+++ Information given

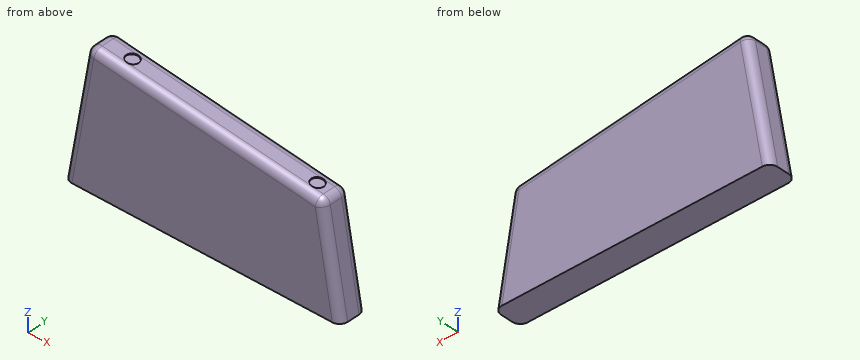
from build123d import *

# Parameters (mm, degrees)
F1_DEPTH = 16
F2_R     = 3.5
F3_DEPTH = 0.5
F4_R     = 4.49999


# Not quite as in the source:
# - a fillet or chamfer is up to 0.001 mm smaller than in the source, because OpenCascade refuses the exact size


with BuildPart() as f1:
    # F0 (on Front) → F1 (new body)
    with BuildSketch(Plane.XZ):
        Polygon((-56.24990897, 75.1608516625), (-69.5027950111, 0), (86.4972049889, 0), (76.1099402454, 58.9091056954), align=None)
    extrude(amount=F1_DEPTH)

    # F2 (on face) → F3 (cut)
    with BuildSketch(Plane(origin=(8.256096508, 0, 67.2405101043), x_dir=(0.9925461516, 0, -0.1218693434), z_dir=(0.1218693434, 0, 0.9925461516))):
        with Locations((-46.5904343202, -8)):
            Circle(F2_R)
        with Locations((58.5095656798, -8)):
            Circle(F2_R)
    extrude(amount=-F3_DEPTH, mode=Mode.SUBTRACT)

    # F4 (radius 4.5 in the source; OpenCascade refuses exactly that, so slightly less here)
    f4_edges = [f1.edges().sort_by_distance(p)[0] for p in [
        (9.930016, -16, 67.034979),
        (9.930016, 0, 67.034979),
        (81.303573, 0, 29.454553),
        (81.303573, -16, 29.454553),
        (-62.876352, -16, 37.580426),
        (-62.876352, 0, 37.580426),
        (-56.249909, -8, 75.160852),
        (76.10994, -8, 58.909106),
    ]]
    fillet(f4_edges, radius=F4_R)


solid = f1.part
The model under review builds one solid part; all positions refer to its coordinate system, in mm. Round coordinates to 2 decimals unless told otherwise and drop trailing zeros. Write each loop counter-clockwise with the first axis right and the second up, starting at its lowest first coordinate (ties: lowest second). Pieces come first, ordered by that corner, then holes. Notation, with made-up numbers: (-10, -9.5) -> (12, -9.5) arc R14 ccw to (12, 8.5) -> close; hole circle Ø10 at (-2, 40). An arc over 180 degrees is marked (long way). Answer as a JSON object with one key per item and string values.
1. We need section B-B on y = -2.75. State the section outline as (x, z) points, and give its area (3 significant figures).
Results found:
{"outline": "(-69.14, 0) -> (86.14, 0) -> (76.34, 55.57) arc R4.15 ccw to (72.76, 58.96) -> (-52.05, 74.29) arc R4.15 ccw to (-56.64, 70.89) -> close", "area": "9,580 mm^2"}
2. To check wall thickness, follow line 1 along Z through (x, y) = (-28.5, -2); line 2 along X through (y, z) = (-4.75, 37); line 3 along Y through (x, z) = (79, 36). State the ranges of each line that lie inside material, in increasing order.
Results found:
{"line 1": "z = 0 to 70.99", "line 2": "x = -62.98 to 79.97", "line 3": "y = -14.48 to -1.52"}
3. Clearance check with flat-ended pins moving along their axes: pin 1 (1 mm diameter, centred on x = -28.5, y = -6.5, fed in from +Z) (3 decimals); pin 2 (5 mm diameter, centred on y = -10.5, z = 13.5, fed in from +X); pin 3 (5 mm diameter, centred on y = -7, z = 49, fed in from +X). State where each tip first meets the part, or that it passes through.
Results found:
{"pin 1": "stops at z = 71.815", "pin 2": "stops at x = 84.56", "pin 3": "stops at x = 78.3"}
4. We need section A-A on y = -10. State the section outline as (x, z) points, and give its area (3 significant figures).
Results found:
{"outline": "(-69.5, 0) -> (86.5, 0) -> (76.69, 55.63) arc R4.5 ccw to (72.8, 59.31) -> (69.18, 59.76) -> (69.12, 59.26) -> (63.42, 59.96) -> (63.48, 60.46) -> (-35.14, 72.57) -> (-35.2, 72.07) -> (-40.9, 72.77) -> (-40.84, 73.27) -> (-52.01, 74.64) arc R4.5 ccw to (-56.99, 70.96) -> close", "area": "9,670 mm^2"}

++++++

# What the task asks:
Repeat the material line for line. Pictures stay out of the copy.

# Answer for this exercise:
from build123d import *

# Parameters (mm, degrees)
F1_DEPTH = 16
F2_R     = 3.5
F3_DEPTH = 0.5
F4_R     = 4.49999


# Not quite as in the source:
# - a fillet or chamfer is up to 0.001 mm smaller than in the source, because OpenCascade refuses the exact size


with BuildPart() as f1:
    # F0 (on Front) → F1 (new body)
    with BuildSketch(Plane.XZ):
        Polygon((-56.24990897, 75.1608516625), (-69.5027950111, 0), (86.4972049889, 0), (76.1099402454, 58.9091056954), align=None)
    extrude(amount=F1_DEPTH)

    # F2 (on face) → F3 (cut)
    with BuildSketch(Plane(origin=(8.256096508, 0, 67.2405101043), x_dir=(0.9925461516, 0, -0.1218693434), z_dir=(0.1218693434, 0, 0.9925461516))):
        with Locations((-46.5904343202, -8)):
            Circle(F2_R)
        with Locations((58.5095656798, -8)):
            Circle(F2_R)
    extrude(amount=-F3_DEPTH, mode=Mode.SUBTRACT)

    # F4 (radius 4.5 in the source; OpenCascade refuses exactly that, so slightly less here)
    f4_edges = [f1.edges().sort_by_distance(p)[0] for p in [
        (9.930016, -16, 67.034979),
        (9.930016, 0, 67.034979),
        (81.303573, 0, 29.454553),
        (81.303573, -16, 29.454553),
        (-62.876352, -16, 37.580426),
        (-62.876352, 0, 37.580426),
        (-56.249909, -8, 75.160852),
        (76.10994, -8, 58.909106),
    ]]
    fillet(f4_edges, radius=F4_R)


solid = f1.part
The model under review builds one solid part; all positions refer to its coordinate system, in mm. Round coordinates to 2 decimals unless told otherwise and drop trailing zeros. Write each loop counter-clockwise with the first axis right and the second up, starting at its lowest first coordinate (ties: lowest second). Pieces come first, ordered by that corner, then holes. Notation, with made-up numbers: (-10, -9.5) -> (12, -9.5) arc R14 ccw to (12, 8.5) -> close; hole circle Ø10 at (-2, 40). An arc over 180 degrees is marked (long way). Answer as a JSON object with one key per item and string values.
1. We need section B-B on y = -2.75. State the section outline as (x, z) points, and give its area (3 significant figures).
Results found:
{"outline": "(-69.14, 0) -> (86.14, 0) -> (76.34, 55.57) arc R4.15 ccw to (72.76, 58.96) -> (-52.05, 74.29) arc R4.15 ccw to (-56.64, 70.89) -> close", "area": "9,580 mm^2"}
2. To check wall thickness, follow line 1 along Z through (x, y) = (-28.5, -2); line 2 along X through (y, z) = (-4.75, 37); line 3 along Y through (x, z) = (79, 36). State the ranges of each line that lie inside material, in increasing order.
Results found:
{"line 1": "z = 0 to 70.99", "line 2": "x = -62.98 to 79.97", "line 3": "y = -14.48 to -1.52"}
3. Clearance check with flat-ended pins moving along their axes: pin 1 (1 mm diameter, centred on x = -28.5, y = -6.5, fed in from +Z) (3 decimals); pin 2 (5 mm diameter, centred on y = -10.5, z = 13.5, fed in from +X); pin 3 (5 mm diameter, centred on y = -7, z = 49, fed in from +X). State where each tip first meets the part, or that it passes through.
Results found:
{"pin 1": "stops at z = 71.815", "pin 2": "stops at x = 84.56", "pin 3": "stops at x = 78.3"}
4. We need section A-A on y = -10. State the section outline as (x, z) points, and give its area (3 significant figures).
Results found:
{"outline": "(-69.5, 0) -> (86.5, 0) -> (76.69, 55.63) arc R4.5 ccw to (72.8, 59.31) -> (69.18, 59.76) -> (69.12, 59.26) -> (63.42, 59.96) -> (63.48, 60.46) -> (-35.14, 72.57) -> (-35.2, 72.07) -> (-40.9, 72.77) -> (-40.84, 73.27) -> (-52.01, 74.64) arc R4.5 ccw to (-56.99, 70.96) -> close", "area": "9,670 mm^2"}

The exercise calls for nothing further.